The most beautiful lake country on the continent

More damage Trump is determined to do, this time to a wilderness area in northern Minnesota:

Today this region, the Boundary Waters Canoe Area Wilderness, looks almost exactly as it appeared 10,000 years ago when Paleo-Indians lived there. Sigurd Olson, the naturalist and writer who guided there for three decades, called it “the most beautiful lake country on the continent.” Few who see it would disagree. Today it is the most visited wilderness area in the United States.

But now this special place is at great risk.

Late last year the Interior Department concluded that the two expired leases held by a Chilean-owned company, Twin Metals Minnesota, should be reinstated for copper and nickel mining near the border of the Boundary Waters. This reversed a decision made at the end of the Obama administration, which rejected the leases after the Forest Service concluded that a mine there “posed an inherent potential risk” that threatened “serious and irreplaceable harm” to the wilderness.

To the Obama administration that was a bad thing, but the Trump people love to destroy wilderness. The Trump administration says those leases must be renewed.

These actions are another chapter in President Trump’s continuing assault on the nation’s most precious natural and cultural lands. They are of a piece with the shrinking of Bears Ears National Monument in Utah by 85 percent to carve out areas believed to contain oil and gas reserves and large uranium deposits. By giving the extractive industries virtually everything they want in Utah, Alaska, Minnesota and elsewhere, this administration has sent an unambiguous message: There is no place on our public lands — or waters — that is inviolable if there are resources to be exploited.

Condos in the Grand Canyon, casinos in Yosemite, steel mills in Yellowstone.
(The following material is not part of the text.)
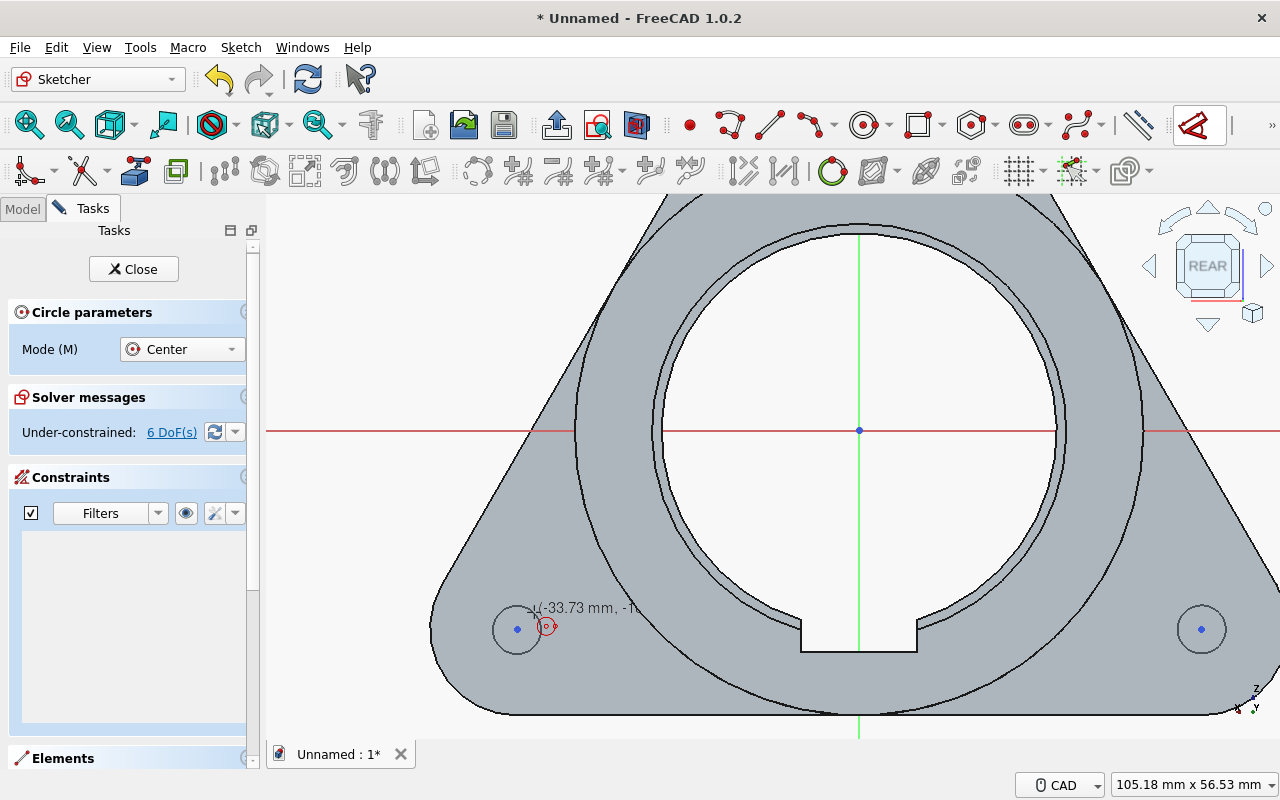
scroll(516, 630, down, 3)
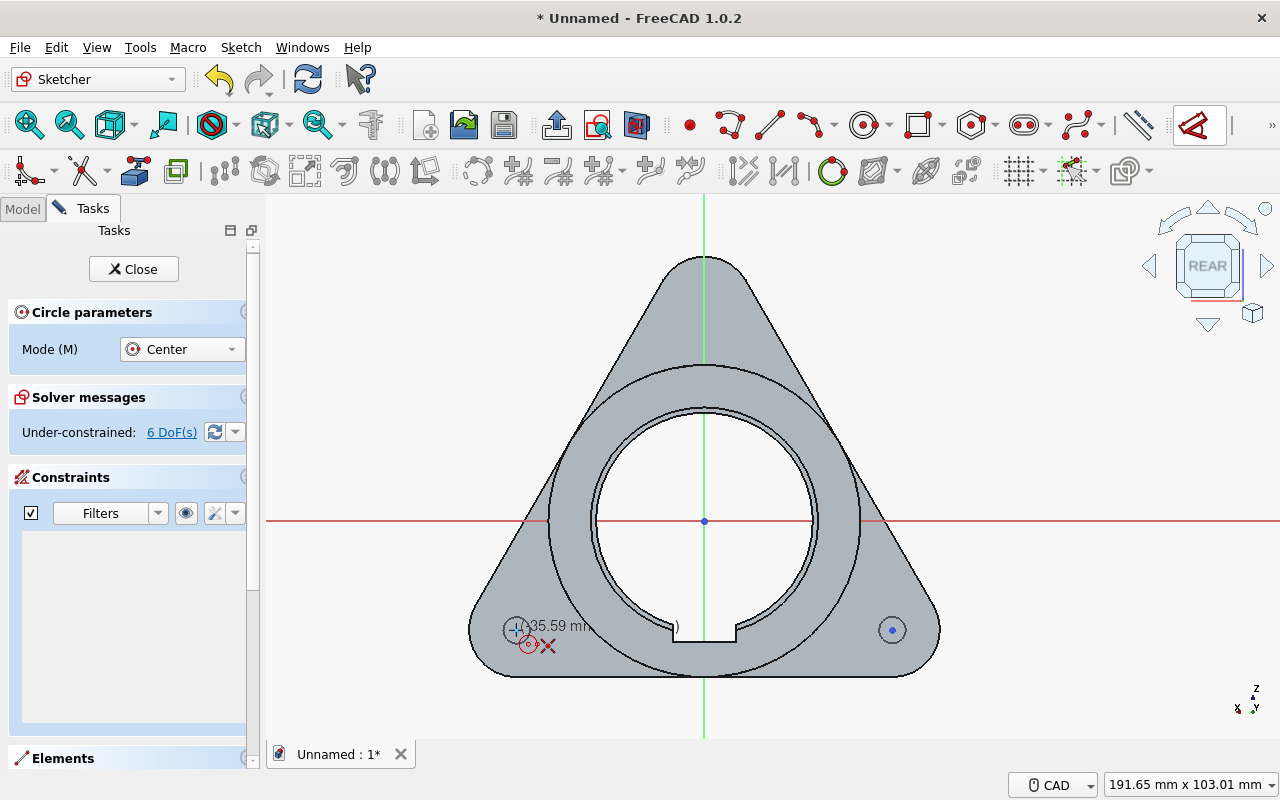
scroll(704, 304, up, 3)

This is not the first threat to the Boundary Waters. In the early 1960s, there were battles over logging, timber roads and the use of motorboats and snowmobiles. Though the area was included in the 1964 Wilderness Act, some logging and motor use were allowed to continue. Finally in 1978 Congress passed the Boundary Waters Canoe Area Wilderness Act, which expanded its size, restricted motorboat use, ended logging and banned mining in the wilderness and some adjacent lands.
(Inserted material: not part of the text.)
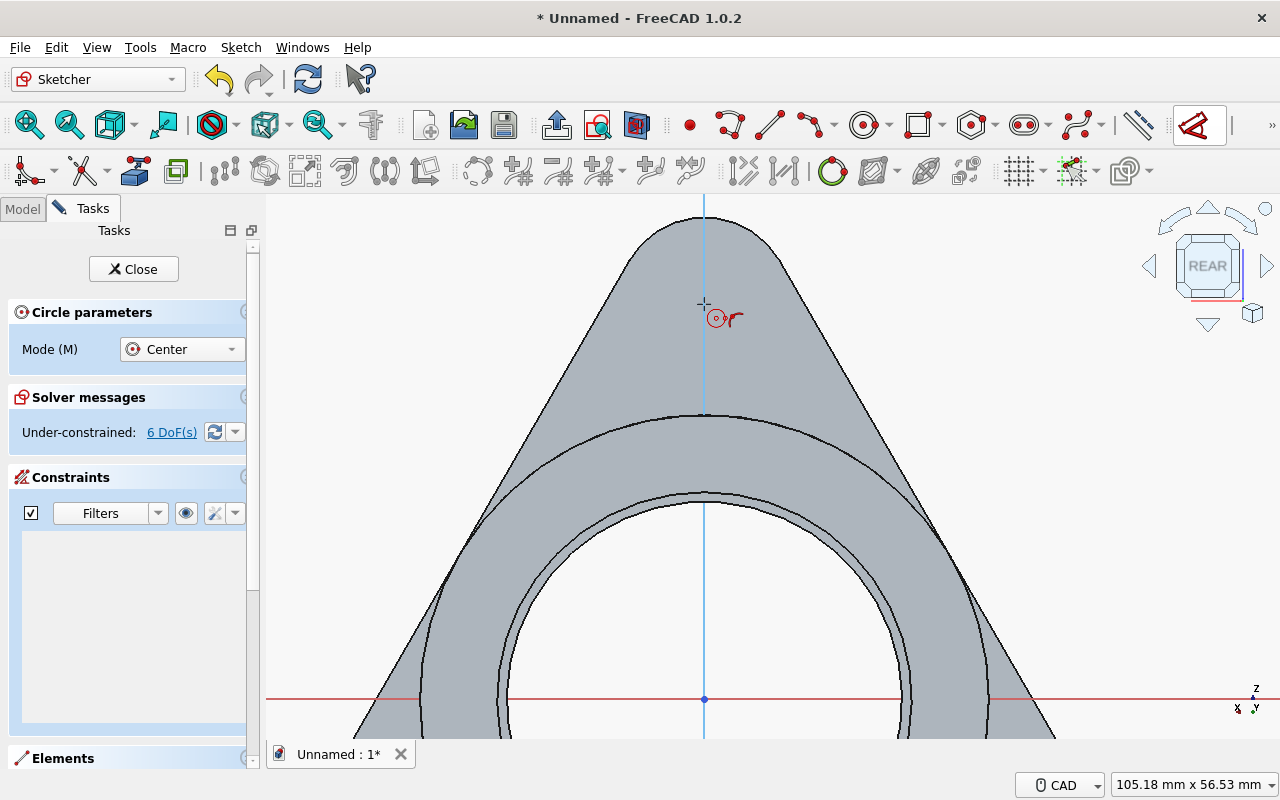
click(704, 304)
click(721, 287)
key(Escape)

But there are ore deposits there, and Twin Metals Minnesota wants’em.

The danger is that mining these sulfide ores can result in contaminated water seeping and flowing into lakes, rivers, streams and wetlands and groundwater. Because of the interconnected waterways in the wilderness area, much of the area’s watershed could become polluted. Once that happens, there is no fixing it.

TMM says don’t worry! We’ll be super super careful! It will be fine!

Twin Metals argues that the risk for pollution from the sites will be minimal. But the idea that pollution can be prevented by mitigation measures has proved wrong time and again at other mines. Studies undertaken for opponents of mining have concluded that the highly toxic waste from a single mine in the wilderness area’s watershed could continuously pollute the Boundary Waters for hundreds of years.